▶ **Supplied entries**:

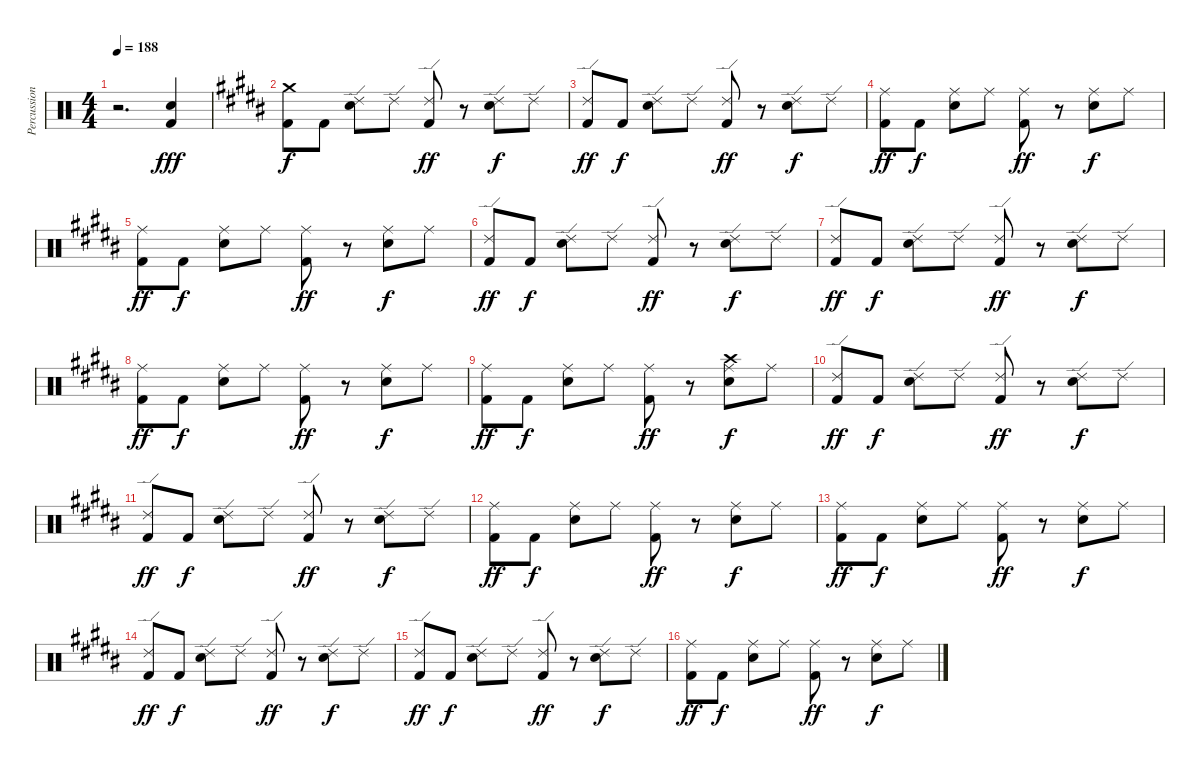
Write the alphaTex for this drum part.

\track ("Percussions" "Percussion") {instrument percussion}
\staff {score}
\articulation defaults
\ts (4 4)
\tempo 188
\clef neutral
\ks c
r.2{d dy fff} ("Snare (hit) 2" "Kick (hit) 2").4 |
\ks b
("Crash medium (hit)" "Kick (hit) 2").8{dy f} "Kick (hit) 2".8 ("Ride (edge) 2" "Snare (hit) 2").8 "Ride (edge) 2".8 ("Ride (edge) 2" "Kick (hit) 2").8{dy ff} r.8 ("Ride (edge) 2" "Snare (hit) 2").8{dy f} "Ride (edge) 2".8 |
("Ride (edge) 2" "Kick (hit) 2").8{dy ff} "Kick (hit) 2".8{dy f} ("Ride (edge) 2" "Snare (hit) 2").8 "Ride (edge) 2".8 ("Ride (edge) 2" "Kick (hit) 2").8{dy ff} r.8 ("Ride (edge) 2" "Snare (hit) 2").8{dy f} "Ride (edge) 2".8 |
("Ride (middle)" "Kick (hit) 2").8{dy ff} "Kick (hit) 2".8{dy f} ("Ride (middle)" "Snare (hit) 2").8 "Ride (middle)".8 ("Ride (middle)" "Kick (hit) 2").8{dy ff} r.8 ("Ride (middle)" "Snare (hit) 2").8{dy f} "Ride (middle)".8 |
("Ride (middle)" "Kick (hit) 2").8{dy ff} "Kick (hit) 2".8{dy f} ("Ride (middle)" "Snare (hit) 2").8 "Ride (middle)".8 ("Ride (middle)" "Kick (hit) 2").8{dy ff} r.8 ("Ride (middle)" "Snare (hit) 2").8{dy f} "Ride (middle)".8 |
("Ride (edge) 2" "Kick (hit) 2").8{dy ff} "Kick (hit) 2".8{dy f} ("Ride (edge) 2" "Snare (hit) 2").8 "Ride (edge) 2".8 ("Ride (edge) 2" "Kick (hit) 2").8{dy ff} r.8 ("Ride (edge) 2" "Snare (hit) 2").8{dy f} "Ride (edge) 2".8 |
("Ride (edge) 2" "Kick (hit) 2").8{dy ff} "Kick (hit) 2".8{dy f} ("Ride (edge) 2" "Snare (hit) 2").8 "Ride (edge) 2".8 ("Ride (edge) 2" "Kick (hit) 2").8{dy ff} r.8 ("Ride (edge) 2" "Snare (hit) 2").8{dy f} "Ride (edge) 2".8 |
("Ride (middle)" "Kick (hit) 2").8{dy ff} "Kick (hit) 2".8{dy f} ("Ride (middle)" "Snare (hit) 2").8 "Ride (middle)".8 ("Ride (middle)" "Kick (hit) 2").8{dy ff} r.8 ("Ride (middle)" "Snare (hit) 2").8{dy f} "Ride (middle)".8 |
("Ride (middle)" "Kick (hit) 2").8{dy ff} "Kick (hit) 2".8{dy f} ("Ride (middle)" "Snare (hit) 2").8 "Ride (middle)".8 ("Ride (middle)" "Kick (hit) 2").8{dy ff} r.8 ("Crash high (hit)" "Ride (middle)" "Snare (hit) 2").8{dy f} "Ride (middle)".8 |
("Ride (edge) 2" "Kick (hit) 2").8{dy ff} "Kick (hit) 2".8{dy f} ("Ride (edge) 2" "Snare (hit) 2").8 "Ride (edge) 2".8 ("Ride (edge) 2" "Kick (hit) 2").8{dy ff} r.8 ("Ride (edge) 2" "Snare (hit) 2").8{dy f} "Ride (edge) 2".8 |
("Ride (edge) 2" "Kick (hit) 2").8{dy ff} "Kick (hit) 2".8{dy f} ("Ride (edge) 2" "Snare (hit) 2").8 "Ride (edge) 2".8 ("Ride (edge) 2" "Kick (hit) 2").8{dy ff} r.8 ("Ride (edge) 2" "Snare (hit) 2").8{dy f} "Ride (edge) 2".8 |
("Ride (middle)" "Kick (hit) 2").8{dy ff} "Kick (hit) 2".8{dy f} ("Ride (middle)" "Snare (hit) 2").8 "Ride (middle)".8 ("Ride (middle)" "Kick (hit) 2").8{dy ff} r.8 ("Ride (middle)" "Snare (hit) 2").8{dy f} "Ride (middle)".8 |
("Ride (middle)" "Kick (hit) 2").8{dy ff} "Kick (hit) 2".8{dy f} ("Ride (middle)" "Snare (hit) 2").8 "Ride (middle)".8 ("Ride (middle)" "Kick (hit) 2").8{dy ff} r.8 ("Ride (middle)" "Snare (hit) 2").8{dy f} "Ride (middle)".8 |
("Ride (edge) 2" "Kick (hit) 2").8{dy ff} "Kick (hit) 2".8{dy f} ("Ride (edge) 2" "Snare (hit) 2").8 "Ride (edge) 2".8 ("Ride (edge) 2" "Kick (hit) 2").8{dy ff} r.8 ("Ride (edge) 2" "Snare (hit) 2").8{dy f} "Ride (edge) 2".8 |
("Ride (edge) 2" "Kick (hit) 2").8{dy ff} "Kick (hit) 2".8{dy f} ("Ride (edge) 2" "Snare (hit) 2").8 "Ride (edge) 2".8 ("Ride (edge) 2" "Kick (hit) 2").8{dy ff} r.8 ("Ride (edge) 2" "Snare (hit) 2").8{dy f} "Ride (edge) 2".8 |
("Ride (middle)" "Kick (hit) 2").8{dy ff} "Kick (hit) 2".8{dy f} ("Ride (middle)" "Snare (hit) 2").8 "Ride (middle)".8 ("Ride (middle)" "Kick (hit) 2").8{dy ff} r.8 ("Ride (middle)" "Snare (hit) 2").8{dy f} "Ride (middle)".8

▶ **Exercise goal**:
Transcribe the material exactly, and leave out whatever pictures it holds.

▶ **Task response**:
Write the alphaTex for this drum part.

\track ("Percussions" "Percussion") {instrument percussion}
\staff {score}
\articulation defaults
\ts (4 4)
\tempo 188
\clef neutral
\ks c
r.2{d dy fff} ("Snare (hit) 2" "Kick (hit) 2").4 |
\ks b
("Crash medium (hit)" "Kick (hit) 2").8{dy f} "Kick (hit) 2".8 ("Ride (edge) 2" "Snare (hit) 2").8 "Ride (edge) 2".8 ("Ride (edge) 2" "Kick (hit) 2").8{dy ff} r.8 ("Ride (edge) 2" "Snare (hit) 2").8{dy f} "Ride (edge) 2".8 |
("Ride (edge) 2" "Kick (hit) 2").8{dy ff} "Kick (hit) 2".8{dy f} ("Ride (edge) 2" "Snare (hit) 2").8 "Ride (edge) 2".8 ("Ride (edge) 2" "Kick (hit) 2").8{dy ff} r.8 ("Ride (edge) 2" "Snare (hit) 2").8{dy f} "Ride (edge) 2".8 |
("Ride (middle)" "Kick (hit) 2").8{dy ff} "Kick (hit) 2".8{dy f} ("Ride (middle)" "Snare (hit) 2").8 "Ride (middle)".8 ("Ride (middle)" "Kick (hit) 2").8{dy ff} r.8 ("Ride (middle)" "Snare (hit) 2").8{dy f} "Ride (middle)".8 |
("Ride (middle)" "Kick (hit) 2").8{dy ff} "Kick (hit) 2".8{dy f} ("Ride (middle)" "Snare (hit) 2").8 "Ride (middle)".8 ("Ride (middle)" "Kick (hit) 2").8{dy ff} r.8 ("Ride (middle)" "Snare (hit) 2").8{dy f} "Ride (middle)".8 |
("Ride (edge) 2" "Kick (hit) 2").8{dy ff} "Kick (hit) 2".8{dy f} ("Ride (edge) 2" "Snare (hit) 2").8 "Ride (edge) 2".8 ("Ride (edge) 2" "Kick (hit) 2").8{dy ff} r.8 ("Ride (edge) 2" "Snare (hit) 2").8{dy f} "Ride (edge) 2".8 |
("Ride (edge) 2" "Kick (hit) 2").8{dy ff} "Kick (hit) 2".8{dy f} ("Ride (edge) 2" "Snare (hit) 2").8 "Ride (edge) 2".8 ("Ride (edge) 2" "Kick (hit) 2").8{dy ff} r.8 ("Ride (edge) 2" "Snare (hit) 2").8{dy f} "Ride (edge) 2".8 |
("Ride (middle)" "Kick (hit) 2").8{dy ff} "Kick (hit) 2".8{dy f} ("Ride (middle)" "Snare (hit) 2").8 "Ride (middle)".8 ("Ride (middle)" "Kick (hit) 2").8{dy ff} r.8 ("Ride (middle)" "Snare (hit) 2").8{dy f} "Ride (middle)".8 |
("Ride (middle)" "Kick (hit) 2").8{dy ff} "Kick (hit) 2".8{dy f} ("Ride (middle)" "Snare (hit) 2").8 "Ride (middle)".8 ("Ride (middle)" "Kick (hit) 2").8{dy ff} r.8 ("Crash high (hit)" "Ride (middle)" "Snare (hit) 2").8{dy f} "Ride (middle)".8 |
("Ride (edge) 2" "Kick (hit) 2").8{dy ff} "Kick (hit) 2".8{dy f} ("Ride (edge) 2" "Snare (hit) 2").8 "Ride (edge) 2".8 ("Ride (edge) 2" "Kick (hit) 2").8{dy ff} r.8 ("Ride (edge) 2" "Snare (hit) 2").8{dy f} "Ride (edge) 2".8 |
("Ride (edge) 2" "Kick (hit) 2").8{dy ff} "Kick (hit) 2".8{dy f} ("Ride (edge) 2" "Snare (hit) 2").8 "Ride (edge) 2".8 ("Ride (edge) 2" "Kick (hit) 2").8{dy ff} r.8 ("Ride (edge) 2" "Snare (hit) 2").8{dy f} "Ride (edge) 2".8 |
("Ride (middle)" "Kick (hit) 2").8{dy ff} "Kick (hit) 2".8{dy f} ("Ride (middle)" "Snare (hit) 2").8 "Ride (middle)".8 ("Ride (middle)" "Kick (hit) 2").8{dy ff} r.8 ("Ride (middle)" "Snare (hit) 2").8{dy f} "Ride (middle)".8 |
("Ride (middle)" "Kick (hit) 2").8{dy ff} "Kick (hit) 2".8{dy f} ("Ride (middle)" "Snare (hit) 2").8 "Ride (middle)".8 ("Ride (middle)" "Kick (hit) 2").8{dy ff} r.8 ("Ride (middle)" "Snare (hit) 2").8{dy f} "Ride (middle)".8 |
("Ride (edge) 2" "Kick (hit) 2").8{dy ff} "Kick (hit) 2".8{dy f} ("Ride (edge) 2" "Snare (hit) 2").8 "Ride (edge) 2".8 ("Ride (edge) 2" "Kick (hit) 2").8{dy ff} r.8 ("Ride (edge) 2" "Snare (hit) 2").8{dy f} "Ride (edge) 2".8 |
("Ride (edge) 2" "Kick (hit) 2").8{dy ff} "Kick (hit) 2".8{dy f} ("Ride (edge) 2" "Snare (hit) 2").8 "Ride (edge) 2".8 ("Ride (edge) 2" "Kick (hit) 2").8{dy ff} r.8 ("Ride (edge) 2" "Snare (hit) 2").8{dy f} "Ride (edge) 2".8 |
("Ride (middle)" "Kick (hit) 2").8{dy ff} "Kick (hit) 2".8{dy f} ("Ride (middle)" "Snare (hit) 2").8 "Ride (middle)".8 ("Ride (middle)" "Kick (hit) 2").8{dy ff} r.8 ("Ride (middle)" "Snare (hit) 2").8{dy f} "Ride (middle)".8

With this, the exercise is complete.